Problem to solve: Write out exactly the lines below that run from the one containing "import ezdxf" through the one containing "(200, 200)], dxfattribs=at)", both included, with no other lines.
*** Source material
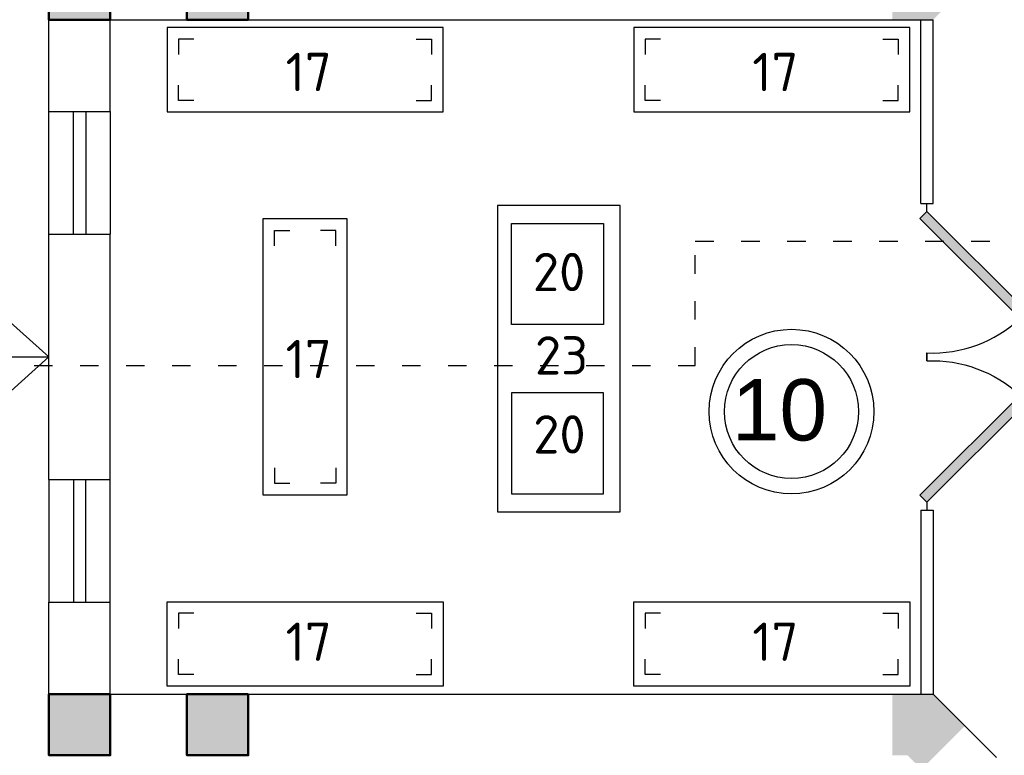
# Model space of a CAD drawing. Header units: millimetres. Extents: x 151654 to 877351, y 70322 to 154322.
# Tile 123 of 173: x 368961 to 375382, y 116054 to 120854. Entities that reach past the tile are written whole.
import ezdxf

# ---------------------------------------------------------------- set-up
doc = ezdxf.new("R2010")
doc.units = ezdxf.units.MM
doc.linetypes.add('ACAD_ISO03W100', pattern=[30, 12, -18])
doc.layers.add('kolonn', color=7, linetype='Continuous')
for name, color, linetype, lineweight in [('Стены', 5, 'Continuous', 30), ('технологич.о', 152, 'Continuous', 30), ('ТХ', 152, 'Continuous', 30)]:
    doc.layers.add(name, color=color, linetype=linetype, lineweight=lineweight)
doc.styles.add('GOST', font='isocpeur.ttf')
doc.styles.get("Standard").update_dxf_attribs({"font": 'arial.ttf'})

# ---------------------------------------------------------------- blocks, each defined once
blk = doc.blocks.new('ghsdd')
at = {"ltscale": 50, "true_color": 0x757575}
h = blk.add_hatch(color=8, dxfattribs=at)
h.paths.add_polyline_path([(0, 200), (-200, 200), (-200, 0), (0, 0)])
h.paths.add_polyline_path([(200, 0), (200, 200), (0, 200), (0, 0)])
h.paths.add_polyline_path([(0, 0), (-200, 0), (-200, -200), (0, -200)])
h.paths.add_polyline_path([(0, 0), (0, -200), (200, -200), (200, 0)])
at = {"lineweight": 50, "ltscale": 50}
blk.add_lwpolyline([(200, 200), (200, -200), (-200, -200), (-200, 200), (200, 200)], dxfattribs=at)
blk = doc.blocks.new('jfgjhsdf')
blk.add_hatch(color=1).paths.add_polyline_path([(-592.6, 730.9), (-636.7, 686.7), (0, 50), (44.2, 94.2)])
at = {"color": 1}
for p, q in [((0, 1000), (0, 950)), ((0, 50), (0, 0))]:
    blk.add_line(p, q, dxfattribs=at)
blk.add_lwpolyline([(0, 50), (-636.7, 686.7), (-592.6, 730.9), (44.2, 94.2), (0, 50)], dxfattribs=at)
blk.add_arc((-33.5, 129.6), 821.1, 87.66201, 132.91472, dxfattribs=at)
blk = doc.blocks.new('A$C39229c42')
at = {"layer": 'технологич.о'}
blk.add_lwpolyline([(0, 0), (1800, 0), (1800, 550), (0, 550)], close=True, dxfattribs=at)
for points in [[(175, 475), (75, 475), (75, 375)], [(1625, 475), (1725, 475), (1725, 375)], [(175, 75), (75, 75), (75, 175)], [(1625, 75), (1725, 75), (1725, 175)]]:
    blk.add_lwpolyline(points, dxfattribs=at)

msp = doc.modelspace()

# ---------------------------------------------------------------- hatches: boundary and pattern name
at = {"layer": 'kolonn'}
h = msp.add_hatch(color=256, dxfattribs=at)
h.paths.add_polyline_path([(376051.5, 122654.5), (376051.5, 122554.5), (375960.1, 122463.1), (376243, 122180.2), (376451.5, 122388.8), (376451.5, 122654.5)])
h.paths.add_polyline_path([(379260.1, 122180.2), (379543, 122463.1), (379451.5, 122554.5), (379451.5, 122654.5), (379051.5, 122654.5), (379051.5, 122388.8)])
h.paths.add_polyline_path([(380851.5, 121254.5), (380751.5, 121254.5), (380660.1, 121345.9), (380377.3, 121063.1), (380585.8, 120854.5), (380851.5, 120854.5)])
h.paths.add_polyline_path([(380851.5, 116454.5), (380585.8, 116454.5), (380377.3, 116245.9), (380660.1, 115963.1), (380751.5, 116054.5), (380851.5, 116054.5)])
h.paths.add_polyline_path([(379451.5, 114654.5), (379451.5, 114754.5), (379543, 114845.9), (379260.1, 115128.8), (379051.5, 114920.2), (379051.5, 114654.5)])
h.paths.add_polyline_path([(375960.1, 114845.9), (376051.5, 114754.5), (376051.5, 114654.5), (376451.5, 114654.5), (376451.5, 114920.2), (376243, 115128.8)])
h.paths.add_polyline_path([(374651.5, 116054.5), (374751.5, 116054.5), (374843, 115963.1), (375125.8, 116245.9), (374917.2, 116454.5), (374651.5, 116454.5)])
h.paths.add_polyline_path([(374843, 121345.9), (374751.5, 121254.5), (374651.5, 121254.5), (374651.5, 120854.5), (374917.2, 120854.5), (375125.8, 121063.1)])

# ---------------------------------------------------------------- linework, layer by layer
for p, q in [((365351.5, 122054.5), (369151.5, 118654.5)), ((364651.5, 118654.5), (369151.5, 118654.5)), ((369151.5, 118654.5), (365351.5, 115254.5))]:
    msp.add_line(p, q)
at = {"lineweight": 30}
for p, q in [((369151.5, 120254.5), (369151.5, 121254.5)), ((369551.5, 120854.5), (374917.2, 120854.5)), ((369551.5, 120254.5), (369551.5, 120854.5)), ((369151.5, 120254.5), (369551.5, 120254.5)), ((369151.5, 119454.5), (369551.5, 119454.5)), ((369151.5, 117854.5), (369151.5, 119454.5)), ((369551.5, 117854.5), (369551.5, 119454.5)), ((369151.5, 117854.5), (369551.5, 117854.5)), ((369151.5, 116054.5), (369151.5, 117054.5)), ((369151.5, 117054.5), (369551.5, 117054.5)), ((369551.5, 116454.5), (369551.5, 117054.5)), ((369551.5, 116454.5), (374917.2, 116454.5)), ((374917.2, 116454.5), (375330.8, 116040.9))]:
    msp.add_line(p, q, dxfattribs=at)
at = {"color": 5}
for p, q in [((374837.2, 119654.5), (374837.2, 120854.5)), ((374917.2, 119654.5), (374917.2, 120854.5)), ((374837.2, 119654.5), (374917.2, 119654.5)), ((374837.2, 117654.5), (374837.2, 116454.5)), ((374837.2, 117654.5), (374917.2, 117654.5)), ((374917.2, 117654.5), (374917.2, 116454.5))]:
    msp.add_line(p, q, dxfattribs=at)
at = {"color": 1}
for p, q in [((369151.5, 119454.5), (369151.5, 120254.5)), ((369311.5, 119454.5), (369311.5, 120254.5)), ((369391.5, 120254.5), (369391.5, 119454.5)), ((369551.5, 120254.5), (369551.5, 119454.5)), ((369151.5, 117854.5), (369151.5, 117054.5)), ((369311.5, 117854.5), (369311.5, 117054.5)), ((369391.5, 117054.5), (369391.5, 117854.5)), ((369551.5, 117054.5), (369551.5, 117854.5))]:
    msp.add_line(p, q, dxfattribs=at)
at = {"color": 1, "linetype": 'ACAD_ISO03W100', "ltscale": 10}
msp.add_lwpolyline([(363954.7, 118597.2), (373366.8, 118597.2), (373366.8, 119409), (381717.9, 119409), (381717.9, 118597.2), (391519.1, 118597.2)], dxfattribs=at)
at = {"color": 1}
for radius in [537, 437]:
    msp.add_circle((373994.2, 118297.4), radius, dxfattribs=at)
at = {"layer": 'ТХ', "ltscale": 10000}
for points in [[(372877.1, 117642.2), (372877.1, 119642.2), (372077.1, 119642.2), (372077.1, 117642.2)], [(372168.8, 119524.5), (372768.8, 119524.5), (372768.8, 118864.5), (372168.8, 118864.5)], [(372168.8, 117759.8), (372768.8, 117759.8), (372768.8, 118419.8), (372168.8, 118419.8)]]:
    msp.add_lwpolyline(points, close=True, dxfattribs=at)

# ---------------------------------------------------------------- block references
at = {"xscale": 1.025641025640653, "yscale": 1.025641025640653, "zscale": 1.025641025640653, "rotation": 180}
msp.add_blockref('jfgjhsdf', (374877.2, 119654.5), dxfattribs=at)
at = {"xscale": -1.025641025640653, "yscale": 1.025641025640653, "zscale": 1.025641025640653}
msp.add_blockref('jfgjhsdf', (374877.2, 117654.5), dxfattribs=at)
at = {"rotation": 224.9999999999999}
msp.add_blockref('jfgjhsdf', (375189.4, 115899.5), dxfattribs=at)
at = {"layer": 'kolonn'}
for p in [(369351.5, 121054.5), (370251.5, 121054.5), (369351.5, 116254.5), (370251.5, 116254.5)]:
    msp.add_blockref('ghsdd', p, dxfattribs=at)
at = {"layer": 'Стены', "lineweight": 60}
for p in [(369922, 120252.5), (372965.6, 120252.5)]:
    msp.add_blockref('A$C39229c42', p, dxfattribs=at)
at = {"layer": 'Стены', "lineweight": 60, "rotation": 270}
msp.add_blockref('A$C39229c42', (370547, 119554.5), dxfattribs=at)
at = {"layer": 'Стены', "lineweight": 60, "xscale": -1, "rotation": 180}
for p in [(369922, 117056.5), (372965.6, 117056.5)]:
    msp.add_blockref('A$C39229c42', p, dxfattribs=at)

# ---------------------------------------------------------------- texts
at = {"style": 'GOST'}
for s, p in [('17', (370695.2, 120388.4, -11.2)), ('17', (373738.8, 120388.4, -11.2)), ('20', (372307.4, 119083.1)), ('17', (370695.2, 118515.4, -11.2)), ('23', (372321, 118538.9)), ('20', (372309.7, 118023.7)), ('17', (370695.2, 116670.6, -11.2)), ('17', (373738.8, 116670.6, -11.2))]:
    msp.add_text(s, height=250, dxfattribs=at).set_placement(p)
at = {"color": 1}
msp.add_text('10', height=400, dxfattribs=at).set_placement((373604.9, 118108.9))

doc.saveas('drawing.dxf')
******
Answer to the exercise:
import ezdxf

# ---------------------------------------------------------------- set-up
doc = ezdxf.new("R2010")
doc.units = ezdxf.units.MM
doc.linetypes.add('ACAD_ISO03W100', pattern=[30, 12, -18])
doc.layers.add('kolonn', color=7, linetype='Continuous')
for name, color, linetype, lineweight in [('Стены', 5, 'Continuous', 30), ('технологич.о', 152, 'Continuous', 30), ('ТХ', 152, 'Continuous', 30)]:
    doc.layers.add(name, color=color, linetype=linetype, lineweight=lineweight)
doc.styles.add('GOST', font='isocpeur.ttf')
doc.styles.get("Standard").update_dxf_attribs({"font": 'arial.ttf'})

# ---------------------------------------------------------------- blocks, each defined once
blk = doc.blocks.new('ghsdd')
at = {"ltscale": 50, "true_color": 0x757575}
h = blk.add_hatch(color=8, dxfattribs=at)
h.paths.add_polyline_path([(0, 200), (-200, 200), (-200, 0), (0, 0)])
h.paths.add_polyline_path([(200, 0), (200, 200), (0, 200), (0, 0)])
h.paths.add_polyline_path([(0, 0), (-200, 0), (-200, -200), (0, -200)])
h.paths.add_polyline_path([(0, 0), (0, -200), (200, -200), (200, 0)])
at = {"lineweight": 50, "ltscale": 50}
blk.add_lwpolyline([(200, 200), (200, -200), (-200, -200), (-200, 200), (200, 200)], dxfattribs=at)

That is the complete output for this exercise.